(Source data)
───

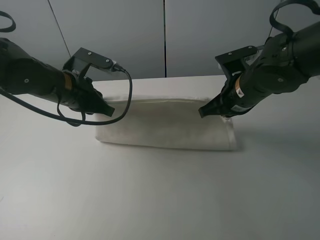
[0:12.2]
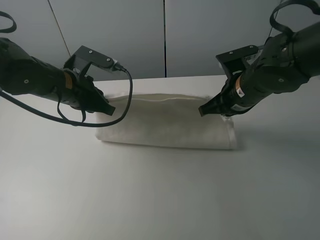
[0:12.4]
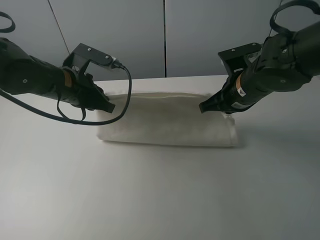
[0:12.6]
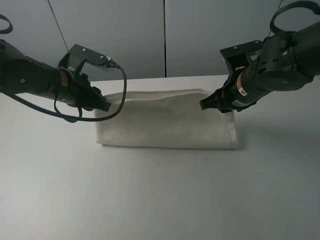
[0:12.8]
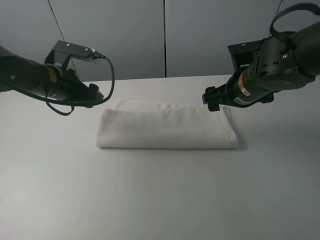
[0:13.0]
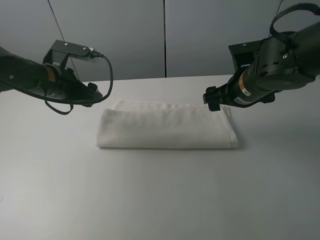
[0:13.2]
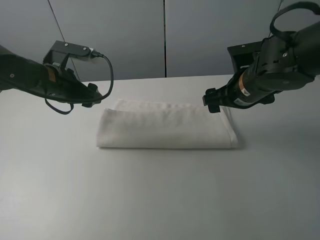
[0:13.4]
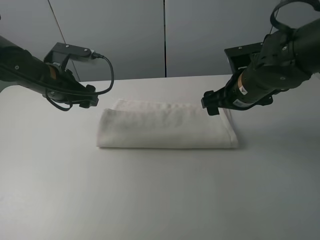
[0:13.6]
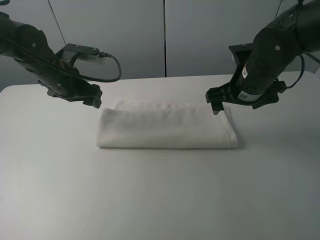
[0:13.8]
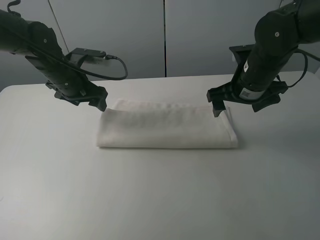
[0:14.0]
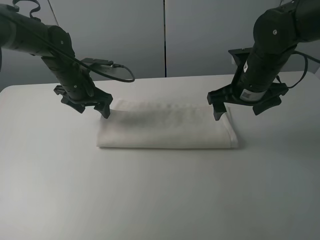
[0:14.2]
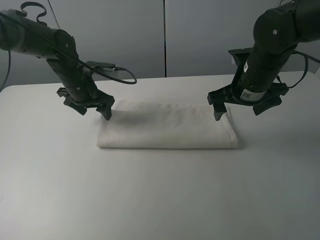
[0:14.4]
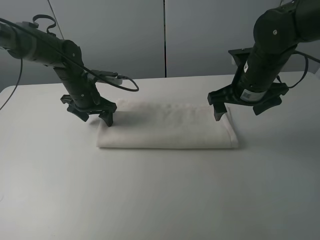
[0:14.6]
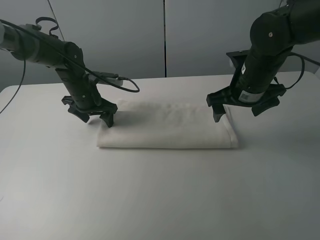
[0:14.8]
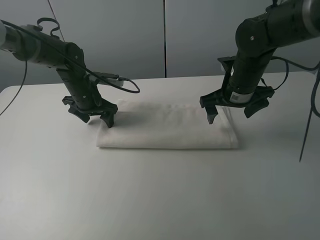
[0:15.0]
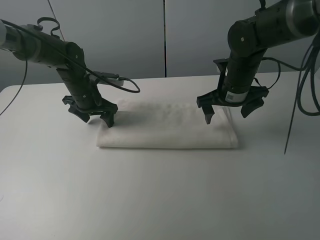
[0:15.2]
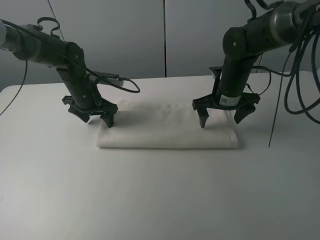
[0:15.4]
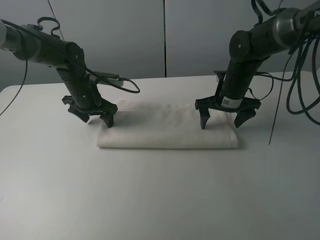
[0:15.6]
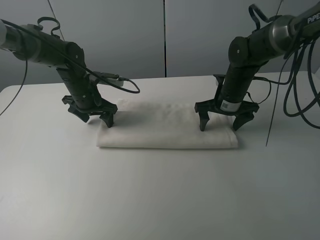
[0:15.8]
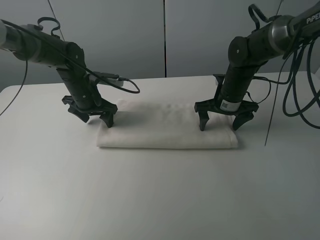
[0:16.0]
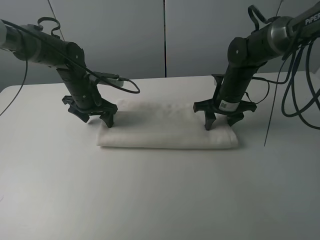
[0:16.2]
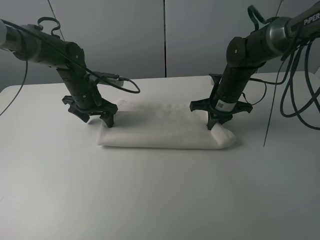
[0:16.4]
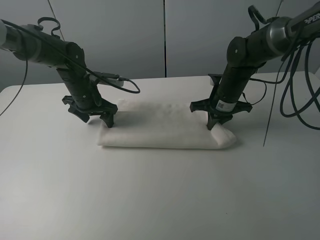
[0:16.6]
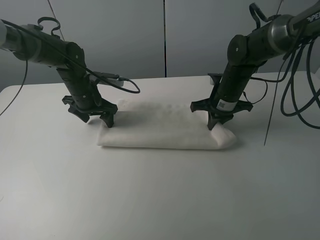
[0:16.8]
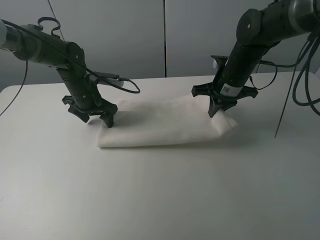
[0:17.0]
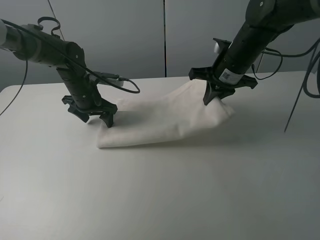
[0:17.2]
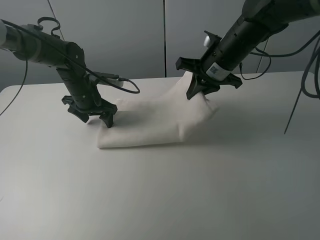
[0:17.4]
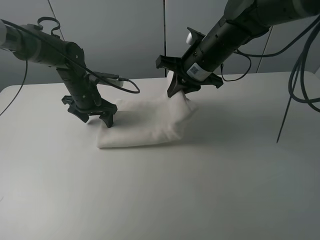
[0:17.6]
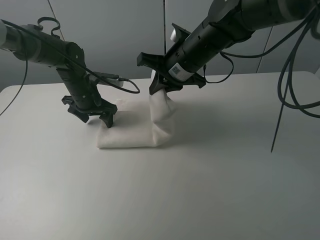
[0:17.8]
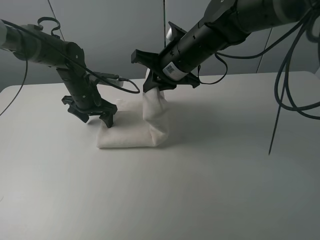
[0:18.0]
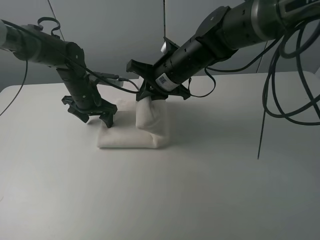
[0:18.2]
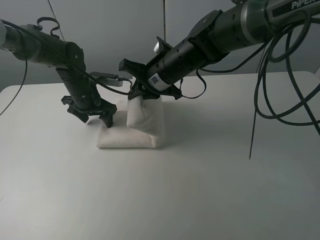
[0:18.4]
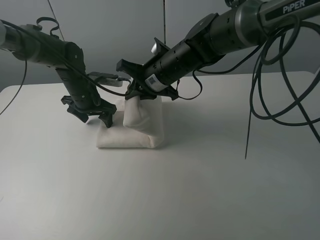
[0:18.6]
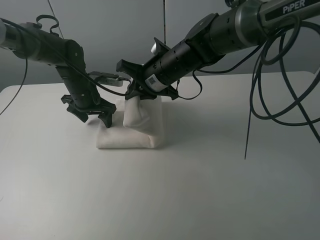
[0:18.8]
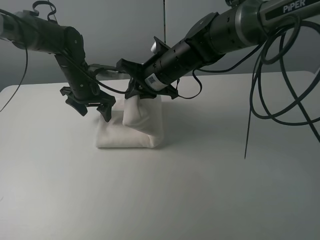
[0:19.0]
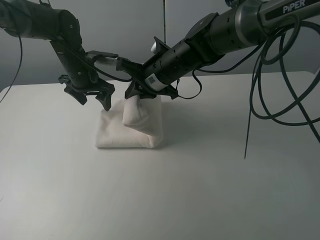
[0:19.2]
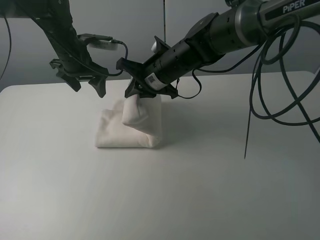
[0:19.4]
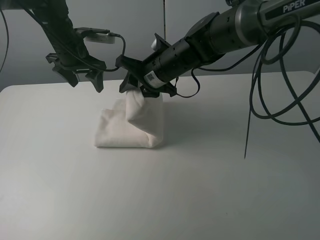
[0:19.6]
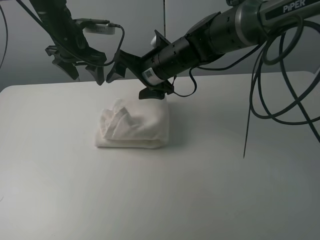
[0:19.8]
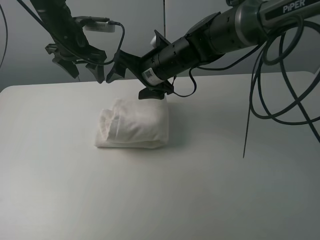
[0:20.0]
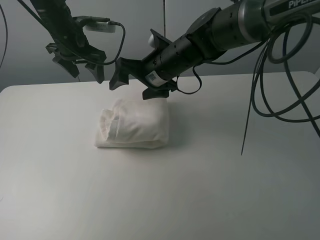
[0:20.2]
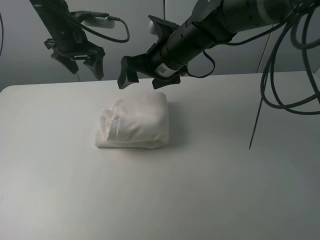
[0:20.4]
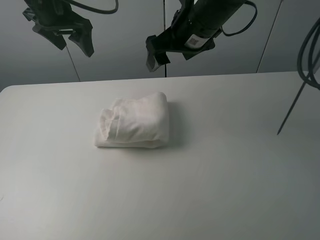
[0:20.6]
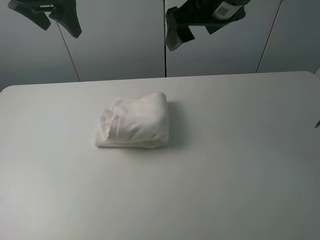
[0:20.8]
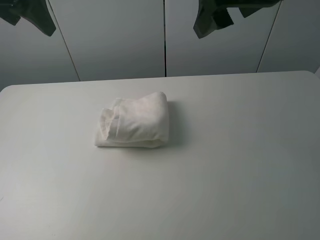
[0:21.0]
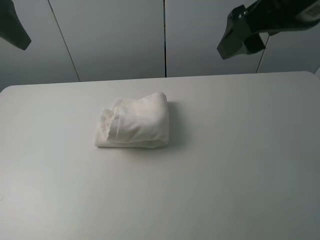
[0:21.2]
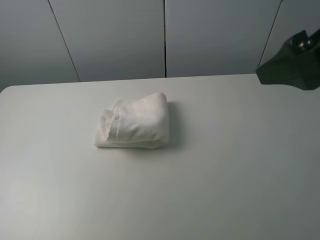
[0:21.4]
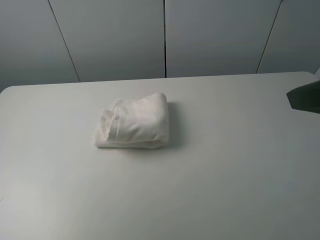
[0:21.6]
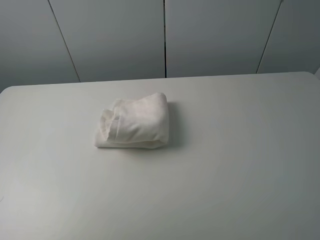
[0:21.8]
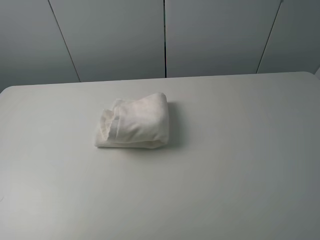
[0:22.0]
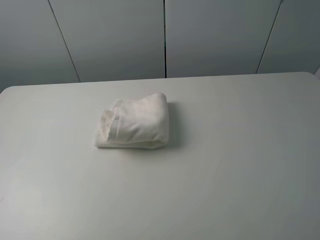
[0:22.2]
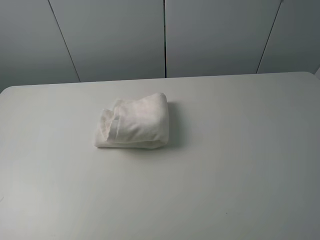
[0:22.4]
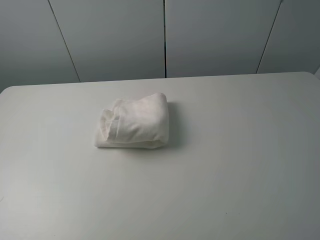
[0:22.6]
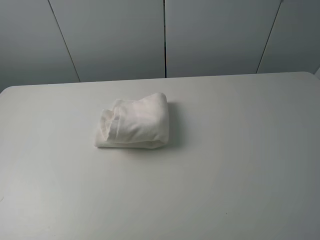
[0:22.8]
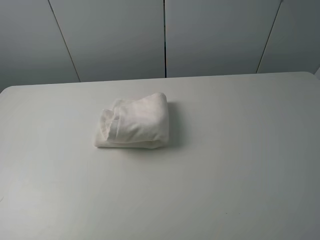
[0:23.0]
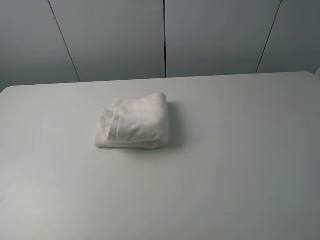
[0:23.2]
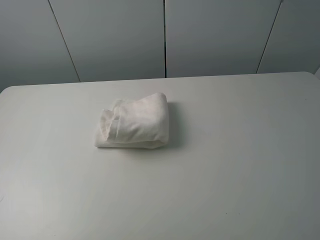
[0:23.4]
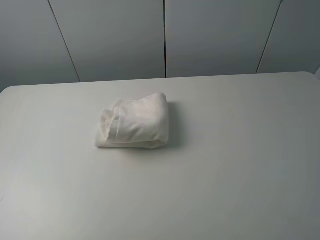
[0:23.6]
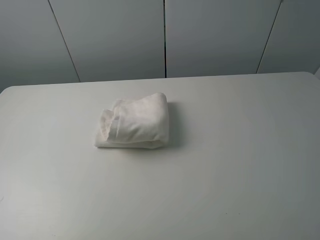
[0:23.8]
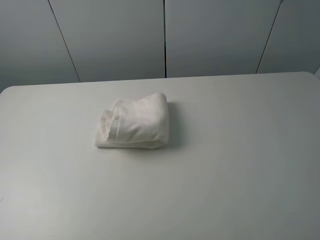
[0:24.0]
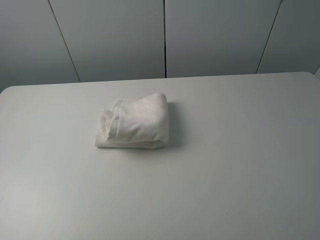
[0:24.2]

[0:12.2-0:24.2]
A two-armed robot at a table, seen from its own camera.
Task of the whole recording: fold the towels on the table.
Step, 13.2 to 14.8 s: Press on the white towel with the left gripper.
Step, 15.0 to 20.0 s: Fold the white towel from right to left with right gripper.
12.2 to 13.8 s: The right gripper opens. The left gripper shifts about 5 cm forward, and opens.
13.8 to 15.2 s: The left gripper heads downward, covering approximately 5 cm. Meanwhile the right gripper shifts by some 5 cm.
15.2 to 16.6 s: The right gripper moves roughly 5 cm, and closes up.
16.6 to 18.2 s: The right gripper heads to the left and upward, covering about 15 cm.
18.2 to 19.8 s: The right gripper opens its fingers. The left gripper moves upward, some 15 cm.
19.8 to 21.2 s: The left gripper travels backward and upward by roughly 25 cm. The right gripper travels upward, to the right and backward by about 30 cm.
21.2 to 22.6 s: The left gripper goes about 25 cm backward. Meanwhile the right gripper goes approximately 25 cm backward and to the right.

───

WHAT THE EXERCISE ASKS: Could you please write out the entries exactly as they are, with every picture left out?

WRITTEN ANSWER:
[0:12.2]
[0:12.4]
[0:12.6]
[0:12.8]
[0:13.0]
[0:13.2]
[0:13.4]
[0:13.6]
[0:13.8]
[0:14.0]
[0:14.2]
[0:14.4]
[0:14.6]
[0:14.8]
[0:15.0]
[0:15.2]
[0:15.4]
[0:15.6]
[0:15.8]
[0:16.0]
[0:16.2]
[0:16.4]
[0:16.6]
[0:16.8]
[0:17.0]
[0:17.2]
[0:17.4]
[0:17.6]
[0:17.8]
[0:18.0]
[0:18.2]
[0:18.4]
[0:18.6]
[0:18.8]
[0:19.0]
[0:19.2]
[0:19.4]
[0:19.6]
[0:19.8]
[0:20.0]
[0:20.2]
[0:20.4]
[0:20.6]
[0:20.8]
[0:21.0]
[0:21.2]
[0:21.4]
[0:21.6]
[0:21.8]
[0:22.0]
[0:22.2]
[0:22.4]
[0:22.6]
[0:22.8]
[0:23.0]
[0:23.2]
[0:23.4]
[0:23.6]
[0:23.8]
[0:24.0]
[0:24.2]

[0:12.2-0:24.2]
A two-armed robot at a table, seen from its own camera.
Task of the whole recording: fold the towels on the table.
Step, 13.2 to 14.8 s: Press on the white towel with the left gripper.
Step, 15.0 to 20.0 s: Fold the white towel from right to left with right gripper.
12.2 to 13.8 s: The right gripper opens. The left gripper shifts about 5 cm forward, and opens.
13.8 to 15.2 s: The left gripper heads downward, covering approximately 5 cm. Meanwhile the right gripper shifts by some 5 cm.
15.2 to 16.6 s: The right gripper moves roughly 5 cm, and closes up.
16.6 to 18.2 s: The right gripper heads to the left and upward, covering about 15 cm.
18.2 to 19.8 s: The right gripper opens its fingers. The left gripper moves upward, some 15 cm.
19.8 to 21.2 s: The left gripper travels backward and upward by roughly 25 cm. The right gripper travels upward, to the right and backward by about 30 cm.
21.2 to 22.6 s: The left gripper goes about 25 cm backward. Meanwhile the right gripper goes approximately 25 cm backward and to the right.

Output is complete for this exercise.